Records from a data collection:
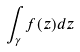Convert formula to latex. <formula><loc_0><loc_0><loc_500><loc_500>\int _ { \gamma } f ( z ) d z</formula> 
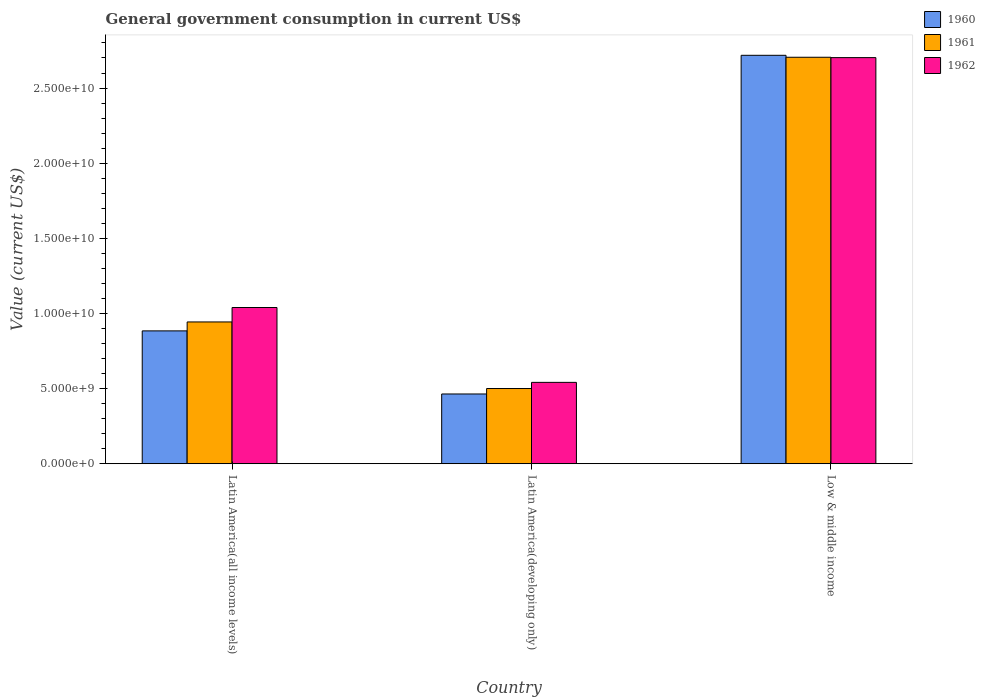How many groups of bars are there?
Ensure brevity in your answer.  3. Are the number of bars per tick equal to the number of legend labels?
Offer a very short reply. Yes. Are the number of bars on each tick of the X-axis equal?
Your response must be concise. Yes. In how many cases, is the number of bars for a given country not equal to the number of legend labels?
Your response must be concise. 0. What is the government conusmption in 1962 in Latin America(all income levels)?
Make the answer very short. 1.04e+1. Across all countries, what is the maximum government conusmption in 1960?
Offer a terse response. 2.72e+1. Across all countries, what is the minimum government conusmption in 1962?
Offer a terse response. 5.41e+09. In which country was the government conusmption in 1960 minimum?
Your answer should be very brief. Latin America(developing only). What is the total government conusmption in 1961 in the graph?
Provide a succinct answer. 4.15e+1. What is the difference between the government conusmption in 1962 in Latin America(all income levels) and that in Low & middle income?
Offer a very short reply. -1.66e+1. What is the difference between the government conusmption in 1962 in Latin America(all income levels) and the government conusmption in 1961 in Latin America(developing only)?
Your response must be concise. 5.39e+09. What is the average government conusmption in 1962 per country?
Provide a short and direct response. 1.43e+1. What is the difference between the government conusmption of/in 1960 and government conusmption of/in 1961 in Latin America(developing only)?
Make the answer very short. -3.63e+08. In how many countries, is the government conusmption in 1962 greater than 13000000000 US$?
Your answer should be very brief. 1. What is the ratio of the government conusmption in 1961 in Latin America(all income levels) to that in Low & middle income?
Give a very brief answer. 0.35. Is the difference between the government conusmption in 1960 in Latin America(all income levels) and Latin America(developing only) greater than the difference between the government conusmption in 1961 in Latin America(all income levels) and Latin America(developing only)?
Provide a short and direct response. No. What is the difference between the highest and the second highest government conusmption in 1962?
Your response must be concise. -4.98e+09. What is the difference between the highest and the lowest government conusmption in 1962?
Keep it short and to the point. 2.16e+1. In how many countries, is the government conusmption in 1961 greater than the average government conusmption in 1961 taken over all countries?
Offer a terse response. 1. What does the 3rd bar from the left in Low & middle income represents?
Make the answer very short. 1962. Is it the case that in every country, the sum of the government conusmption in 1961 and government conusmption in 1962 is greater than the government conusmption in 1960?
Your response must be concise. Yes. How many bars are there?
Offer a very short reply. 9. How many countries are there in the graph?
Give a very brief answer. 3. Does the graph contain any zero values?
Make the answer very short. No. Does the graph contain grids?
Your answer should be very brief. No. How many legend labels are there?
Give a very brief answer. 3. How are the legend labels stacked?
Your answer should be compact. Vertical. What is the title of the graph?
Offer a very short reply. General government consumption in current US$. Does "1981" appear as one of the legend labels in the graph?
Offer a very short reply. No. What is the label or title of the X-axis?
Your answer should be very brief. Country. What is the label or title of the Y-axis?
Your response must be concise. Value (current US$). What is the Value (current US$) in 1960 in Latin America(all income levels)?
Offer a terse response. 8.84e+09. What is the Value (current US$) of 1961 in Latin America(all income levels)?
Provide a short and direct response. 9.43e+09. What is the Value (current US$) in 1962 in Latin America(all income levels)?
Offer a very short reply. 1.04e+1. What is the Value (current US$) in 1960 in Latin America(developing only)?
Provide a succinct answer. 4.64e+09. What is the Value (current US$) of 1961 in Latin America(developing only)?
Keep it short and to the point. 5.01e+09. What is the Value (current US$) in 1962 in Latin America(developing only)?
Make the answer very short. 5.41e+09. What is the Value (current US$) in 1960 in Low & middle income?
Make the answer very short. 2.72e+1. What is the Value (current US$) of 1961 in Low & middle income?
Your answer should be compact. 2.70e+1. What is the Value (current US$) in 1962 in Low & middle income?
Your response must be concise. 2.70e+1. Across all countries, what is the maximum Value (current US$) of 1960?
Provide a succinct answer. 2.72e+1. Across all countries, what is the maximum Value (current US$) of 1961?
Make the answer very short. 2.70e+1. Across all countries, what is the maximum Value (current US$) of 1962?
Give a very brief answer. 2.70e+1. Across all countries, what is the minimum Value (current US$) of 1960?
Provide a short and direct response. 4.64e+09. Across all countries, what is the minimum Value (current US$) in 1961?
Your answer should be compact. 5.01e+09. Across all countries, what is the minimum Value (current US$) of 1962?
Provide a succinct answer. 5.41e+09. What is the total Value (current US$) in 1960 in the graph?
Your response must be concise. 4.07e+1. What is the total Value (current US$) in 1961 in the graph?
Keep it short and to the point. 4.15e+1. What is the total Value (current US$) of 1962 in the graph?
Keep it short and to the point. 4.28e+1. What is the difference between the Value (current US$) of 1960 in Latin America(all income levels) and that in Latin America(developing only)?
Your response must be concise. 4.20e+09. What is the difference between the Value (current US$) in 1961 in Latin America(all income levels) and that in Latin America(developing only)?
Make the answer very short. 4.43e+09. What is the difference between the Value (current US$) in 1962 in Latin America(all income levels) and that in Latin America(developing only)?
Keep it short and to the point. 4.98e+09. What is the difference between the Value (current US$) of 1960 in Latin America(all income levels) and that in Low & middle income?
Offer a very short reply. -1.83e+1. What is the difference between the Value (current US$) in 1961 in Latin America(all income levels) and that in Low & middle income?
Keep it short and to the point. -1.76e+1. What is the difference between the Value (current US$) of 1962 in Latin America(all income levels) and that in Low & middle income?
Your response must be concise. -1.66e+1. What is the difference between the Value (current US$) of 1960 in Latin America(developing only) and that in Low & middle income?
Provide a succinct answer. -2.25e+1. What is the difference between the Value (current US$) of 1961 in Latin America(developing only) and that in Low & middle income?
Your response must be concise. -2.20e+1. What is the difference between the Value (current US$) in 1962 in Latin America(developing only) and that in Low & middle income?
Give a very brief answer. -2.16e+1. What is the difference between the Value (current US$) in 1960 in Latin America(all income levels) and the Value (current US$) in 1961 in Latin America(developing only)?
Keep it short and to the point. 3.83e+09. What is the difference between the Value (current US$) of 1960 in Latin America(all income levels) and the Value (current US$) of 1962 in Latin America(developing only)?
Make the answer very short. 3.43e+09. What is the difference between the Value (current US$) in 1961 in Latin America(all income levels) and the Value (current US$) in 1962 in Latin America(developing only)?
Make the answer very short. 4.02e+09. What is the difference between the Value (current US$) in 1960 in Latin America(all income levels) and the Value (current US$) in 1961 in Low & middle income?
Ensure brevity in your answer.  -1.82e+1. What is the difference between the Value (current US$) of 1960 in Latin America(all income levels) and the Value (current US$) of 1962 in Low & middle income?
Provide a succinct answer. -1.82e+1. What is the difference between the Value (current US$) in 1961 in Latin America(all income levels) and the Value (current US$) in 1962 in Low & middle income?
Your answer should be compact. -1.76e+1. What is the difference between the Value (current US$) of 1960 in Latin America(developing only) and the Value (current US$) of 1961 in Low & middle income?
Keep it short and to the point. -2.24e+1. What is the difference between the Value (current US$) of 1960 in Latin America(developing only) and the Value (current US$) of 1962 in Low & middle income?
Offer a very short reply. -2.24e+1. What is the difference between the Value (current US$) in 1961 in Latin America(developing only) and the Value (current US$) in 1962 in Low & middle income?
Offer a very short reply. -2.20e+1. What is the average Value (current US$) of 1960 per country?
Your answer should be very brief. 1.36e+1. What is the average Value (current US$) in 1961 per country?
Give a very brief answer. 1.38e+1. What is the average Value (current US$) in 1962 per country?
Offer a terse response. 1.43e+1. What is the difference between the Value (current US$) of 1960 and Value (current US$) of 1961 in Latin America(all income levels)?
Offer a very short reply. -5.95e+08. What is the difference between the Value (current US$) in 1960 and Value (current US$) in 1962 in Latin America(all income levels)?
Make the answer very short. -1.56e+09. What is the difference between the Value (current US$) in 1961 and Value (current US$) in 1962 in Latin America(all income levels)?
Make the answer very short. -9.61e+08. What is the difference between the Value (current US$) in 1960 and Value (current US$) in 1961 in Latin America(developing only)?
Your response must be concise. -3.63e+08. What is the difference between the Value (current US$) of 1960 and Value (current US$) of 1962 in Latin America(developing only)?
Ensure brevity in your answer.  -7.72e+08. What is the difference between the Value (current US$) of 1961 and Value (current US$) of 1962 in Latin America(developing only)?
Give a very brief answer. -4.09e+08. What is the difference between the Value (current US$) in 1960 and Value (current US$) in 1961 in Low & middle income?
Provide a succinct answer. 1.30e+08. What is the difference between the Value (current US$) in 1960 and Value (current US$) in 1962 in Low & middle income?
Your answer should be very brief. 1.54e+08. What is the difference between the Value (current US$) of 1961 and Value (current US$) of 1962 in Low & middle income?
Ensure brevity in your answer.  2.38e+07. What is the ratio of the Value (current US$) of 1960 in Latin America(all income levels) to that in Latin America(developing only)?
Give a very brief answer. 1.9. What is the ratio of the Value (current US$) in 1961 in Latin America(all income levels) to that in Latin America(developing only)?
Your response must be concise. 1.88. What is the ratio of the Value (current US$) of 1962 in Latin America(all income levels) to that in Latin America(developing only)?
Your response must be concise. 1.92. What is the ratio of the Value (current US$) in 1960 in Latin America(all income levels) to that in Low & middle income?
Offer a very short reply. 0.33. What is the ratio of the Value (current US$) in 1961 in Latin America(all income levels) to that in Low & middle income?
Ensure brevity in your answer.  0.35. What is the ratio of the Value (current US$) in 1962 in Latin America(all income levels) to that in Low & middle income?
Your answer should be compact. 0.38. What is the ratio of the Value (current US$) of 1960 in Latin America(developing only) to that in Low & middle income?
Give a very brief answer. 0.17. What is the ratio of the Value (current US$) of 1961 in Latin America(developing only) to that in Low & middle income?
Provide a short and direct response. 0.19. What is the ratio of the Value (current US$) of 1962 in Latin America(developing only) to that in Low & middle income?
Your response must be concise. 0.2. What is the difference between the highest and the second highest Value (current US$) in 1960?
Keep it short and to the point. 1.83e+1. What is the difference between the highest and the second highest Value (current US$) of 1961?
Your answer should be compact. 1.76e+1. What is the difference between the highest and the second highest Value (current US$) in 1962?
Ensure brevity in your answer.  1.66e+1. What is the difference between the highest and the lowest Value (current US$) of 1960?
Offer a very short reply. 2.25e+1. What is the difference between the highest and the lowest Value (current US$) in 1961?
Ensure brevity in your answer.  2.20e+1. What is the difference between the highest and the lowest Value (current US$) in 1962?
Your response must be concise. 2.16e+1.

▸ **EXERCISE BRIEF**:
Print, exactly and only, the lines running from the one with "Keep it short and to the point. 1.83e+1." to the end of the data above.

▸ **WRITTEN ANSWER**:
Keep it short and to the point. 1.83e+1. What is the difference between the highest and the second highest Value (current US$) of 1961?
Your answer should be compact. 1.76e+1. What is the difference between the highest and the second highest Value (current US$) in 1962?
Ensure brevity in your answer.  1.66e+1. What is the difference between the highest and the lowest Value (current US$) of 1960?
Offer a very short reply. 2.25e+1. What is the difference between the highest and the lowest Value (current US$) in 1961?
Ensure brevity in your answer.  2.20e+1. What is the difference between the highest and the lowest Value (current US$) in 1962?
Your response must be concise. 2.16e+1.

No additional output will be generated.